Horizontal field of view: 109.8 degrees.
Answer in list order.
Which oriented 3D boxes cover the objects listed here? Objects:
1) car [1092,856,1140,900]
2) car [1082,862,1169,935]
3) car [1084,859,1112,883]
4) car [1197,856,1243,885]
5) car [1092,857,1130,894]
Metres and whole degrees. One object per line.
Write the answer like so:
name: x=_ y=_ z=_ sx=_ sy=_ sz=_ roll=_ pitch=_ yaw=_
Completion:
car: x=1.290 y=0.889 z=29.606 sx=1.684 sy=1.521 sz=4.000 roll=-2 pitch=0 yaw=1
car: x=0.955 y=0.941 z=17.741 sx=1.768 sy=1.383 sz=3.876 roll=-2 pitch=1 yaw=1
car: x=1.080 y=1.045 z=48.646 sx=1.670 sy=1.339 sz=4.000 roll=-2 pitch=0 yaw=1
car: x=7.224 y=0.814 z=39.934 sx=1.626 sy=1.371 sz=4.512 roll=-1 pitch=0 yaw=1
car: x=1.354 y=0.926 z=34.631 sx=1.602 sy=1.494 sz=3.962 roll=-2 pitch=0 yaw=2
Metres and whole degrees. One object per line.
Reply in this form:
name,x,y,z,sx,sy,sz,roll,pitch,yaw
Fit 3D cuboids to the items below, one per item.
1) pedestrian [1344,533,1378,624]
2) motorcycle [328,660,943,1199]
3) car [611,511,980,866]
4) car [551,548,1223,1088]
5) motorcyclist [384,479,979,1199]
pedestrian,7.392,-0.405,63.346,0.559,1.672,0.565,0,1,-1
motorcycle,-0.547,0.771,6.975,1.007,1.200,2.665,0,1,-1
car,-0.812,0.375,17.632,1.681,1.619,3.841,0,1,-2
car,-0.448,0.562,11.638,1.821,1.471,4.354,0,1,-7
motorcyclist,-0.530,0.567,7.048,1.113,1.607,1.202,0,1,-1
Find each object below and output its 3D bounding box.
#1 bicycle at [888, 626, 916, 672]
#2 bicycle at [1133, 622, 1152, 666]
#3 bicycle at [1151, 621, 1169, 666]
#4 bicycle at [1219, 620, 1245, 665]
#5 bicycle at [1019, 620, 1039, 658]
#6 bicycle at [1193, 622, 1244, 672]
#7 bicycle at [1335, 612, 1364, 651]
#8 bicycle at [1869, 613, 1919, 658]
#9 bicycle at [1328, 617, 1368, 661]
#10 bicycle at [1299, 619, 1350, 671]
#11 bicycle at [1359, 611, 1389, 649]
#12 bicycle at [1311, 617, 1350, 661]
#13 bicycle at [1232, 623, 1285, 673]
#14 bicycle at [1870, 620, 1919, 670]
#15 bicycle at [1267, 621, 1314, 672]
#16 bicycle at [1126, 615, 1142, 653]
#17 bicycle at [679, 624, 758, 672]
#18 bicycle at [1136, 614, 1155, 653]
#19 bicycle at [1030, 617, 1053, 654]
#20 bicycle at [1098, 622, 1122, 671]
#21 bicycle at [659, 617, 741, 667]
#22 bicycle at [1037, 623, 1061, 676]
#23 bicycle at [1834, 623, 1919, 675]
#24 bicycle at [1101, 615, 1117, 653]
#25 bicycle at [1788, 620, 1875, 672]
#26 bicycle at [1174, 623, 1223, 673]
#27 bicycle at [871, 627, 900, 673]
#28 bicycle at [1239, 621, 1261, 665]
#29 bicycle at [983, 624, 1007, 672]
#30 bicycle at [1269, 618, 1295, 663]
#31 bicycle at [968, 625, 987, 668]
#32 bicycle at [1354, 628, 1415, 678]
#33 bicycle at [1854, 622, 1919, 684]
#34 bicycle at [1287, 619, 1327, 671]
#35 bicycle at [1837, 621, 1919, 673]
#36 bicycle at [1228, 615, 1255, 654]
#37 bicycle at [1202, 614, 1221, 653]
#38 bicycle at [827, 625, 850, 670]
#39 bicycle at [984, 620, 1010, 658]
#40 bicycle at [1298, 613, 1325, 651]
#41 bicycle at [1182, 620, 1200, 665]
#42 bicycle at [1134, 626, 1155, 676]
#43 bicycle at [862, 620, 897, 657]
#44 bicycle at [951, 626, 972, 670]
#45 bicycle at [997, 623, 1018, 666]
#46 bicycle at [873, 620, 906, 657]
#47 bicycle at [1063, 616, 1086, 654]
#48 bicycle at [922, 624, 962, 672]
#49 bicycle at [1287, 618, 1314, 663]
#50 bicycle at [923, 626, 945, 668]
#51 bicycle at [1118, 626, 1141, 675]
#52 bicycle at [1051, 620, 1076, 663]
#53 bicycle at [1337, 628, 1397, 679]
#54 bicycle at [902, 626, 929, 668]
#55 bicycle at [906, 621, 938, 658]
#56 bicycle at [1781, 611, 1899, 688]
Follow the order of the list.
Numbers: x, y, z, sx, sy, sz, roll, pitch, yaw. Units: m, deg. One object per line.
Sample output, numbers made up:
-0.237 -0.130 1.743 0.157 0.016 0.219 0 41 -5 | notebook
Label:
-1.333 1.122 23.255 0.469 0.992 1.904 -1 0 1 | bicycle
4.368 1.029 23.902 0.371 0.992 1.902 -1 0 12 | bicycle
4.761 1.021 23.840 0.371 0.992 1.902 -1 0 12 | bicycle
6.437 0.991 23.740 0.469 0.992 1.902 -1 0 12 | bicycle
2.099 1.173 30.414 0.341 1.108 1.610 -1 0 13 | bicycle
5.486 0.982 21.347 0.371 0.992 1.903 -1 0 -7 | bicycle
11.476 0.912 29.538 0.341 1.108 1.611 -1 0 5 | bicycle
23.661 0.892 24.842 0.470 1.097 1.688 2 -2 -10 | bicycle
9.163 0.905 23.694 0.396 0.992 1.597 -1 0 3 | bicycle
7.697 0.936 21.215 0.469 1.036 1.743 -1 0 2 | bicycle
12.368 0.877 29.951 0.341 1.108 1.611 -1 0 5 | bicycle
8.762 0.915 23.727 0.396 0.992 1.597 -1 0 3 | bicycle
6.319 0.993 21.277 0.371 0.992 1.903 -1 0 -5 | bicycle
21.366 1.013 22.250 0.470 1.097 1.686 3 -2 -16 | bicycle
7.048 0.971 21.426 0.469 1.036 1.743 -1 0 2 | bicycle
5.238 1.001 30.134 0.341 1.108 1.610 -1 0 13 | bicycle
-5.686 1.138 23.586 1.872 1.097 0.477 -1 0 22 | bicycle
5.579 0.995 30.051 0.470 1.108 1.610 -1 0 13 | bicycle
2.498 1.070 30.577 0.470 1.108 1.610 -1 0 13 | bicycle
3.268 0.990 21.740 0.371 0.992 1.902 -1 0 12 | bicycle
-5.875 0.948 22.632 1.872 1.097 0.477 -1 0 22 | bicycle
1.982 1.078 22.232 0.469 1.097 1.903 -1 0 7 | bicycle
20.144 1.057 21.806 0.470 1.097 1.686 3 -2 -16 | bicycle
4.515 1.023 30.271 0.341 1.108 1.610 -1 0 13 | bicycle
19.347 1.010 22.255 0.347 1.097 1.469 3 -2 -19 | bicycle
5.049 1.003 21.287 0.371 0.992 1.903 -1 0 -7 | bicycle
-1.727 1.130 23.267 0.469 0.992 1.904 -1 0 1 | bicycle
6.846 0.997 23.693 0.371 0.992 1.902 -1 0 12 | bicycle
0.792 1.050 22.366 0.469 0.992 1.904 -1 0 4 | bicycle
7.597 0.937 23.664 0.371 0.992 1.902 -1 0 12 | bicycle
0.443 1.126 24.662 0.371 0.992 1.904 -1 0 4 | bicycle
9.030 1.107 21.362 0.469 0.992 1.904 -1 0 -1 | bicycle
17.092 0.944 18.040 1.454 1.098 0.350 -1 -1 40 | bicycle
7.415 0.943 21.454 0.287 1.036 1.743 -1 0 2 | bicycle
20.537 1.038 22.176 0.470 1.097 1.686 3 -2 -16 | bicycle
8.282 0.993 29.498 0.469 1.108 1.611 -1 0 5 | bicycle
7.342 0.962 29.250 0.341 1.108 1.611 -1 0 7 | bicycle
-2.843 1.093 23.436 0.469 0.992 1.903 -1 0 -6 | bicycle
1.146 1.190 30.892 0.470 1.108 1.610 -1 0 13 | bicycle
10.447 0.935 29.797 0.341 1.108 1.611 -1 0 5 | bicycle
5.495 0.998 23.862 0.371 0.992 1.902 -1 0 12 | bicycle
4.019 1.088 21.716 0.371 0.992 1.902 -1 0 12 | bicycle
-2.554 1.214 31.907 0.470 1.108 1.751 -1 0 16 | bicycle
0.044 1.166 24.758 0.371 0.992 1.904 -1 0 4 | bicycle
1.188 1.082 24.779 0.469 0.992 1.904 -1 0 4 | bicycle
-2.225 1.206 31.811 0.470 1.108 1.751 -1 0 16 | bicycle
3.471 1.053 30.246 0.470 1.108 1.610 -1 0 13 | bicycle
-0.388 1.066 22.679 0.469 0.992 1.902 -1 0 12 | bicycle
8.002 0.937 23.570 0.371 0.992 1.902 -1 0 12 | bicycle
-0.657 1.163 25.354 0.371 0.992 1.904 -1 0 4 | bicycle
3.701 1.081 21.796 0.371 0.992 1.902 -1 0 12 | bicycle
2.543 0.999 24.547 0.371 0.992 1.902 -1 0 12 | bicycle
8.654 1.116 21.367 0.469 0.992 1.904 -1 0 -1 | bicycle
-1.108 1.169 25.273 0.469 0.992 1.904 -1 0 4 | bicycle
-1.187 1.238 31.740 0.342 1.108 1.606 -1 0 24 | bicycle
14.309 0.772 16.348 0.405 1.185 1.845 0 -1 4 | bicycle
━━━━
### WORK INSTRUCTIONS
All lines of the entries containing the string "name" must be shown in full.

### ANSWER FOR THIS EXERCISE
name: x=_ y=_ z=_ sx=_ sy=_ sz=_ roll=_ pitch=_ yaw=_
name,x,y,z,sx,sy,sz,roll,pitch,yaw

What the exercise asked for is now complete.